### TASK ITEM:
Beginning with the line containing "position: [0.003, -0.265, 1.635]" and ending with the last line of the records, set down every line exactly.

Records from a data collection
----------

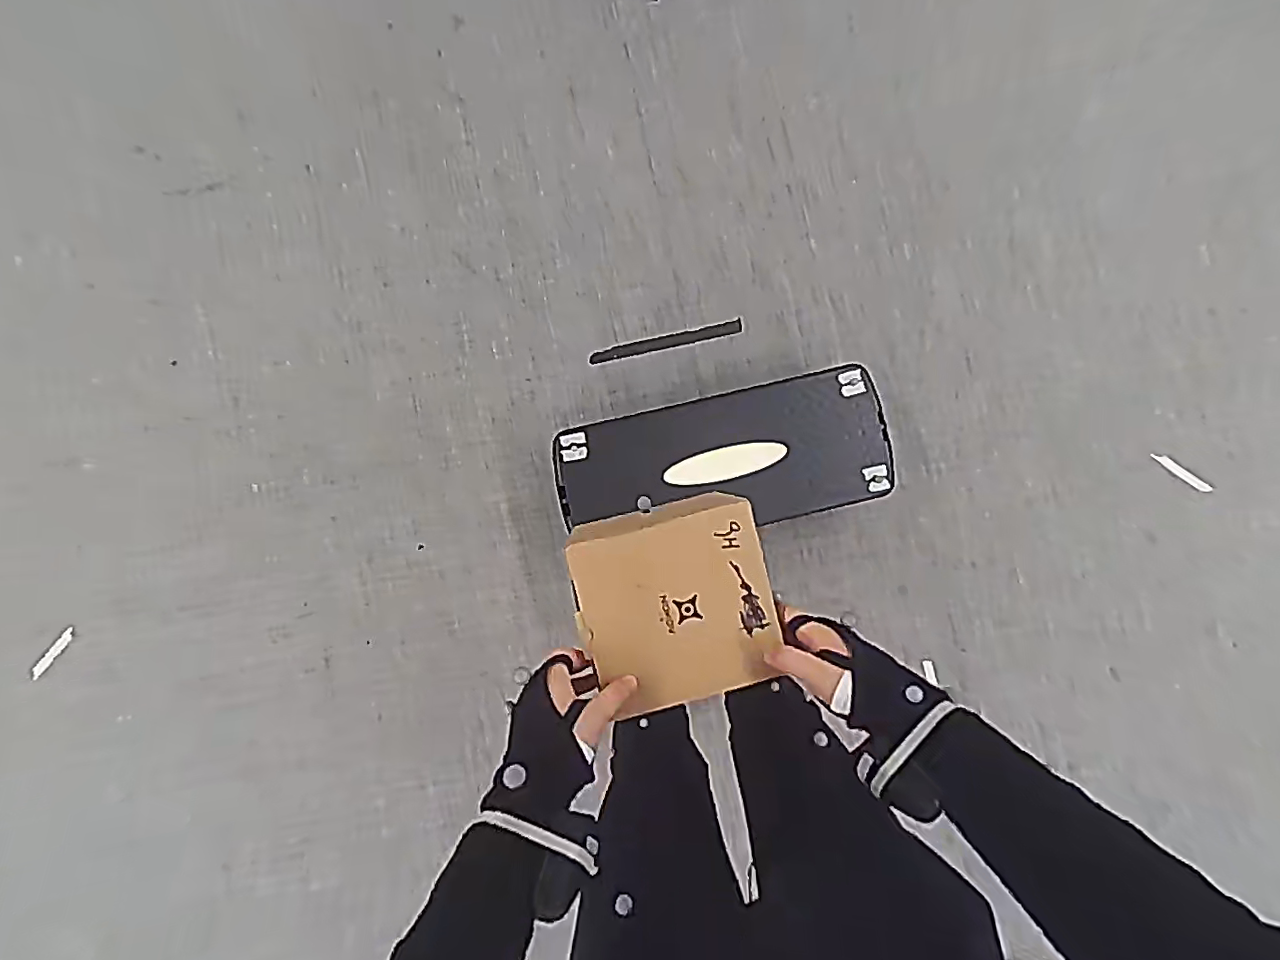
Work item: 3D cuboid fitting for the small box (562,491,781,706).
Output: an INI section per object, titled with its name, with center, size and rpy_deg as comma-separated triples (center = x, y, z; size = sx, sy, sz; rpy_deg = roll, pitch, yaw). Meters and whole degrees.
[small box]
center = 0.028, 0.110, 0.577
size = 0.179, 0.176, 0.168
rpy_deg = -14, 92, -2
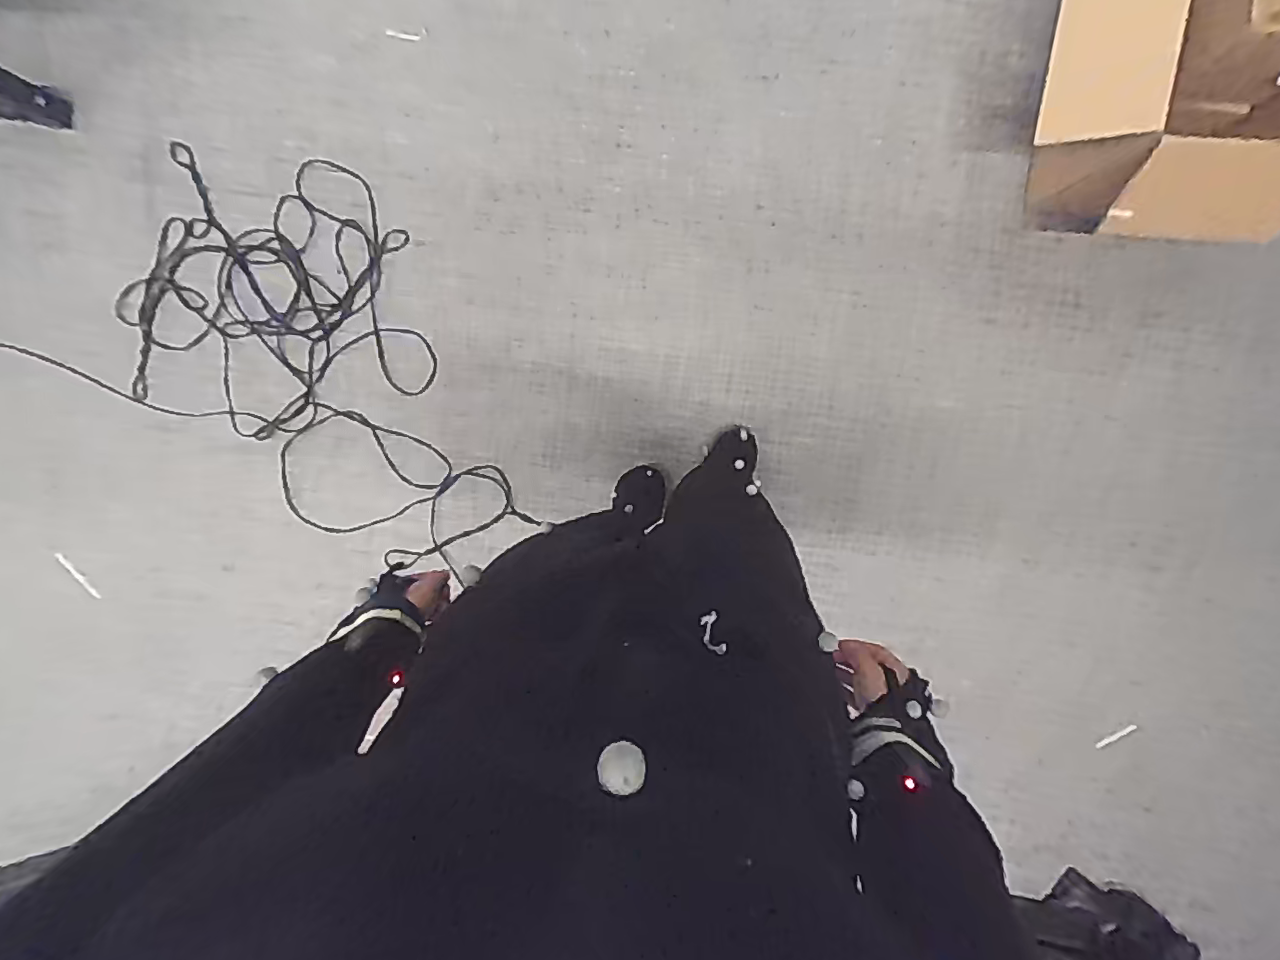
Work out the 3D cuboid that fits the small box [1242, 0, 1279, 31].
[{"bbox_3d":[0.911,-0.694,0.662,0.179,0.176,0.168,-1,95,0],"label":"small box"}]
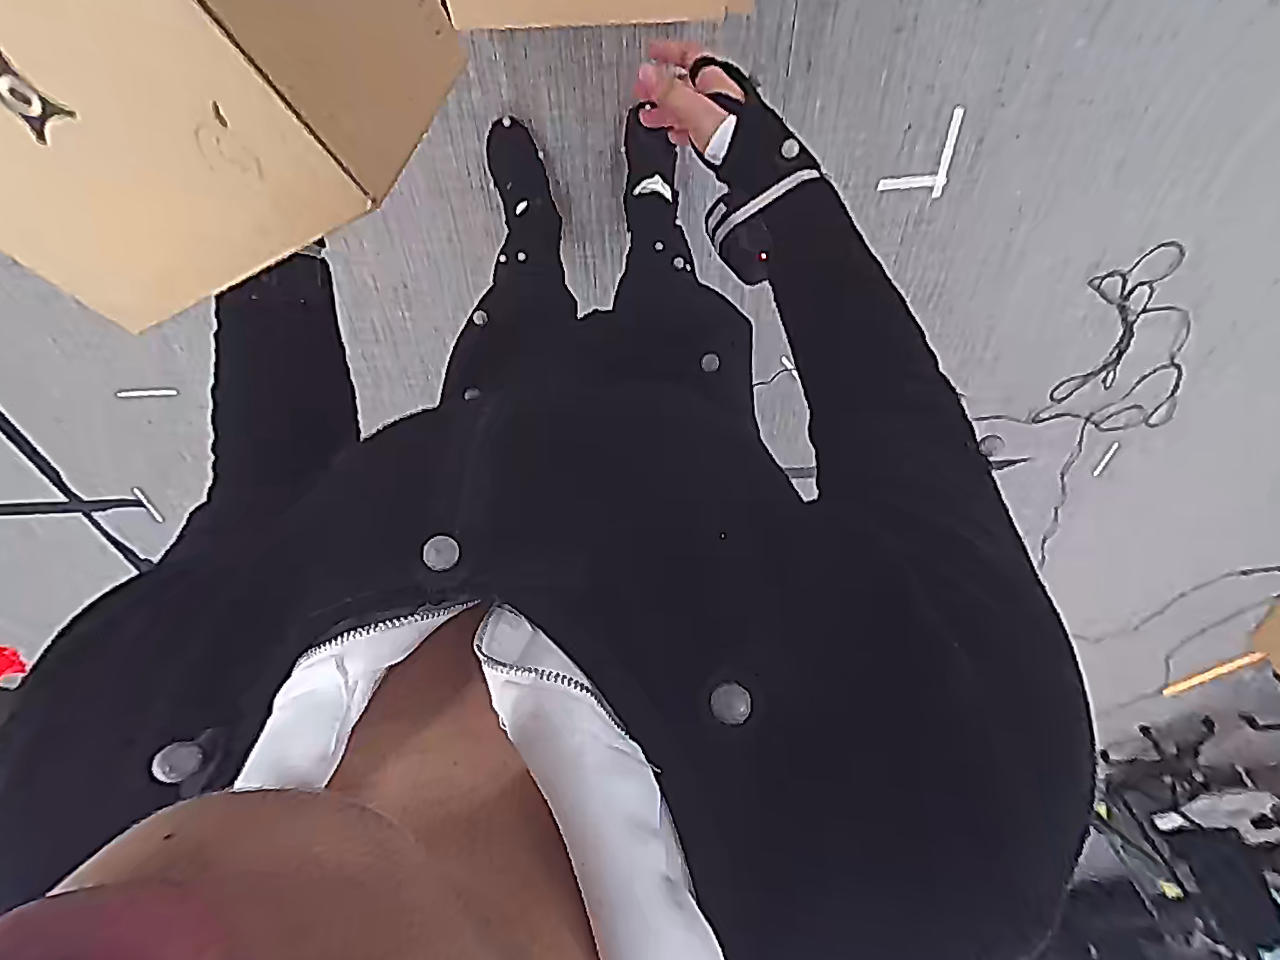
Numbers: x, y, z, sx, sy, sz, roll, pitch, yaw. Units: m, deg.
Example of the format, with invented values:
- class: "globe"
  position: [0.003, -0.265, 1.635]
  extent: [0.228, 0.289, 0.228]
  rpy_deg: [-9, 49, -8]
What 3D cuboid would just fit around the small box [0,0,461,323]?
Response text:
- class: "small box"
  position: [-0.207, -0.210, 0.239]
  extent: [0.168, 0.176, 0.179]
  rpy_deg: [-14, 141, 20]

----------

### RESULT:
  position: [0.003, -0.265, 1.635]
  extent: [0.228, 0.289, 0.228]
  rpy_deg: [-9, 49, -8]
What 3D cuboid would just fit around the small box [0,0,461,323]?
Response text:
- class: "small box"
  position: [-0.207, -0.210, 0.239]
  extent: [0.168, 0.176, 0.179]
  rpy_deg: [-14, 141, 20]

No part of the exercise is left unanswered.